Utilizzando la microscopia elettronica a scansione, i ricercatori hanno analizzato le piante, le larve e i pesci. Così si è potuto vedere che le nanoplastiche venivano assorbite dalle radici delle piante e si accumulavano nelle foglie. Poi le microplastiche venivano trasferite dalla lattuga contaminata agli insetti (sia PS che PVC erano presenti nella loro bocca e nell’intestino).
Anche nei pesci, che si erano nutriti degli insetti contaminati, sono state rilevate particelle nei tessuti delle branchie, del fegato e dell’intestino, nessuna particella è stata trovata invece nel tessuto cerebrale.
Così ha commentato il dottor Fazel Monikh, autore principale della ricerca:
I nostri risultati mostrano che la lattuga può assorbire le nanoplastiche dal suolo e trasferirle nella catena alimentare.
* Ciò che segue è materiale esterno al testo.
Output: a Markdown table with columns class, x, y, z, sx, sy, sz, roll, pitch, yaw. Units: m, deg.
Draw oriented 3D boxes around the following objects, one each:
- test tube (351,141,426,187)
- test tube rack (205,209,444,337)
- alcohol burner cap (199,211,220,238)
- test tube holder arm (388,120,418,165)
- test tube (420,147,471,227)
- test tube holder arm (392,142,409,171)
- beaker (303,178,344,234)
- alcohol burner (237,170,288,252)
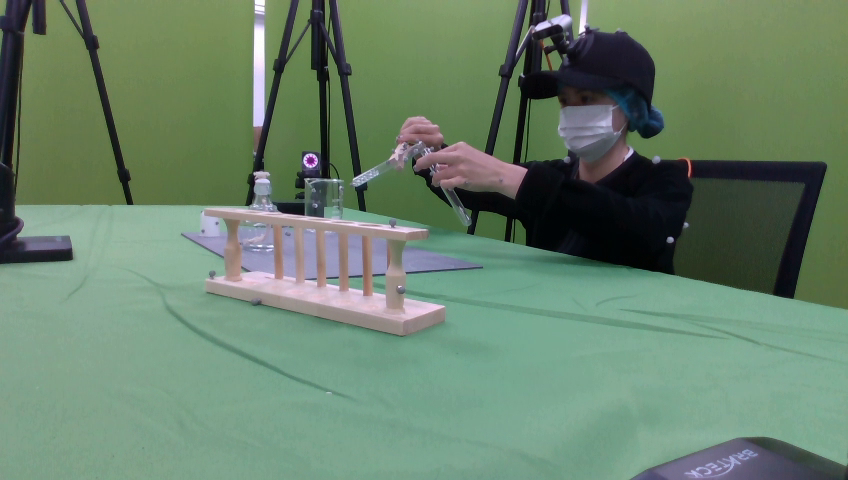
| class | x | y | z | sx | sy | sz | roll | pitch | yaw |
| --- | --- | --- | --- | --- | --- | --- | --- | --- | --- |
| test tube | -0.062 | -0.125 | 1.011 | 0.150 | 0.017 | 0.017 | -25 | -4 | 23 |
| test tube rack | -0.100 | 0.021 | 0.565 | 0.241 | 0.085 | 0.067 | 7 | 8 | 32 |
| alcohol burner cap | -0.356 | -0.027 | 1.002 | 0.034 | 0.048 | 0.034 | 3 | 7 | 0 |
| test tube holder arm | -0.034 | -0.174 | 1.057 | 0.015 | 0.013 | 0.178 | -19 | 27 | 23 |
| test tube | 0.034 | -0.084 | 0.958 | 0.017 | 0.150 | 0.017 | -27 | -17 | -8 |
| test tube holder arm | -0.039 | -0.144 | 1.023 | 0.015 | 0.010 | 0.088 | -19 | 32 | 23 |
| beaker | -0.189 | -0.063 | 1.119 | 0.073 | 0.100 | 0.084 | 6 | 9 | 28 |
| alcohol burner | -0.236 | -0.042 | 0.882 | 0.078 | 0.119 | 0.078 | 2 | 9 | 0 |
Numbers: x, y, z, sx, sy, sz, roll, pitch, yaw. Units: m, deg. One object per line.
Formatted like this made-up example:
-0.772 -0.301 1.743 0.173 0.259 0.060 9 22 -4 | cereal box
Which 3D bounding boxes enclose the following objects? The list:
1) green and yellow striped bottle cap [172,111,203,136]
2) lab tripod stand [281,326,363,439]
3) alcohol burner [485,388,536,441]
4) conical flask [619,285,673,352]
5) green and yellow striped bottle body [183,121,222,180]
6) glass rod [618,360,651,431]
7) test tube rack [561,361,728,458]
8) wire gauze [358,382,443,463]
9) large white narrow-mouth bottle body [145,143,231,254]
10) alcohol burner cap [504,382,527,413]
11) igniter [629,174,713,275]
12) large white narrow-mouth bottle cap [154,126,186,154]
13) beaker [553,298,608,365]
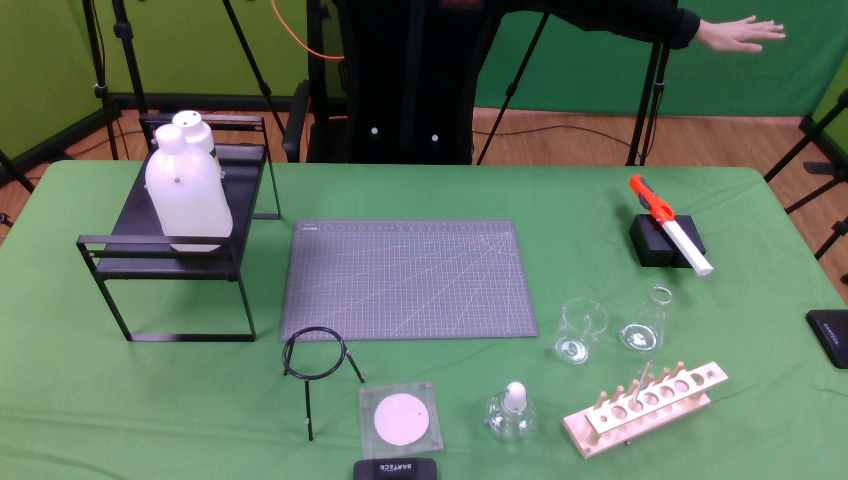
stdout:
-0.374 -0.185 0.958 0.045 0.020 0.045 3 46 -3 | green and yellow striped bottle cap
-0.166 0.202 0.913 0.148 0.132 0.147 1 47 -1 | lab tripod stand
0.131 0.249 0.904 0.078 0.120 0.077 1 48 -1 | alcohol burner
0.385 0.130 1.031 0.075 0.122 0.075 2 46 -2 | conical flask
-0.375 -0.149 0.995 0.063 0.120 0.063 2 46 -2 | green and yellow striped bottle body
0.298 0.226 0.865 0.008 0.201 0.008 -2 48 2 | glass rod
0.341 0.248 0.940 0.243 0.085 0.066 -15 49 -18 | test tube rack
-0.039 0.277 0.937 0.121 0.011 0.124 -4 47 -7 | wire gauze
-0.345 -0.076 0.877 0.102 0.195 0.101 2 48 -2 | large white narrow-mouth bottle body
0.133 0.225 0.877 0.034 0.048 0.033 -4 47 5 | alcohol burner cap
0.481 -0.040 1.202 0.057 0.025 0.274 -2 46 -21 | igniter
-0.340 -0.134 0.812 0.038 0.024 0.037 2 48 -2 | large white narrow-mouth bottle cap
0.260 0.154 1.015 0.073 0.101 0.084 37 54 27 | beaker
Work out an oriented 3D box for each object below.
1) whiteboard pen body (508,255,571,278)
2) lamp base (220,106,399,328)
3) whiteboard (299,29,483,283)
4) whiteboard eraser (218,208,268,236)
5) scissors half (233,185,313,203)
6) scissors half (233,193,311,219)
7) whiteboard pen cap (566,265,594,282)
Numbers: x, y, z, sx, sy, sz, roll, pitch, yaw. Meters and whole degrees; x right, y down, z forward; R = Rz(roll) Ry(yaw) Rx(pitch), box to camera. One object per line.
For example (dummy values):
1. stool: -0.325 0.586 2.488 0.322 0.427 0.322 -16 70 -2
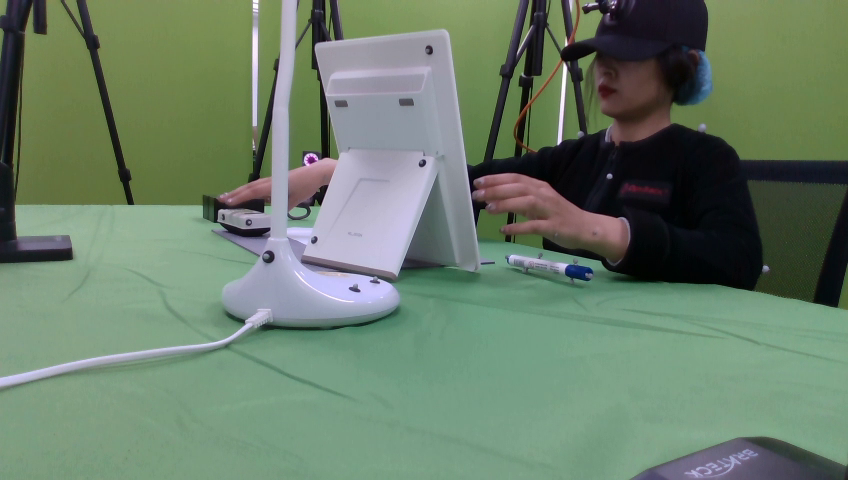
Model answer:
1. whiteboard pen body: 0.156 0.034 0.773 0.017 0.017 0.140 -2 7 -32
2. lamp base: -0.102 -0.023 0.531 0.160 0.180 0.179 4 10 10
3. whiteboard: -0.074 -0.082 0.742 0.216 0.305 0.144 9 29 38
4. whiteboard eraser: -0.309 -0.031 1.044 0.056 0.042 0.112 -3 9 -40
5. scissors half: -0.326 -0.098 1.315 0.176 0.040 0.012 -5 19 -29
6. scissors half: -0.330 -0.078 1.319 0.176 0.040 0.013 16 3 -32
7. whiteboard pen cap: 0.185 0.040 0.722 0.018 0.018 0.033 -3 6 -33

Ciò indica che la presenza di minuscole particelle di plastica nel suolo potrebbe essere associata a un potenziale rischio per la salute degli erbivori e dell’uomo se si scoprisse che questi risultati sono generalizzabili ad altre piante e colture e alle impostazioni del campo. Tuttavia, sono ancora urgentemente necessarie ulteriori ricerche sull’argomento.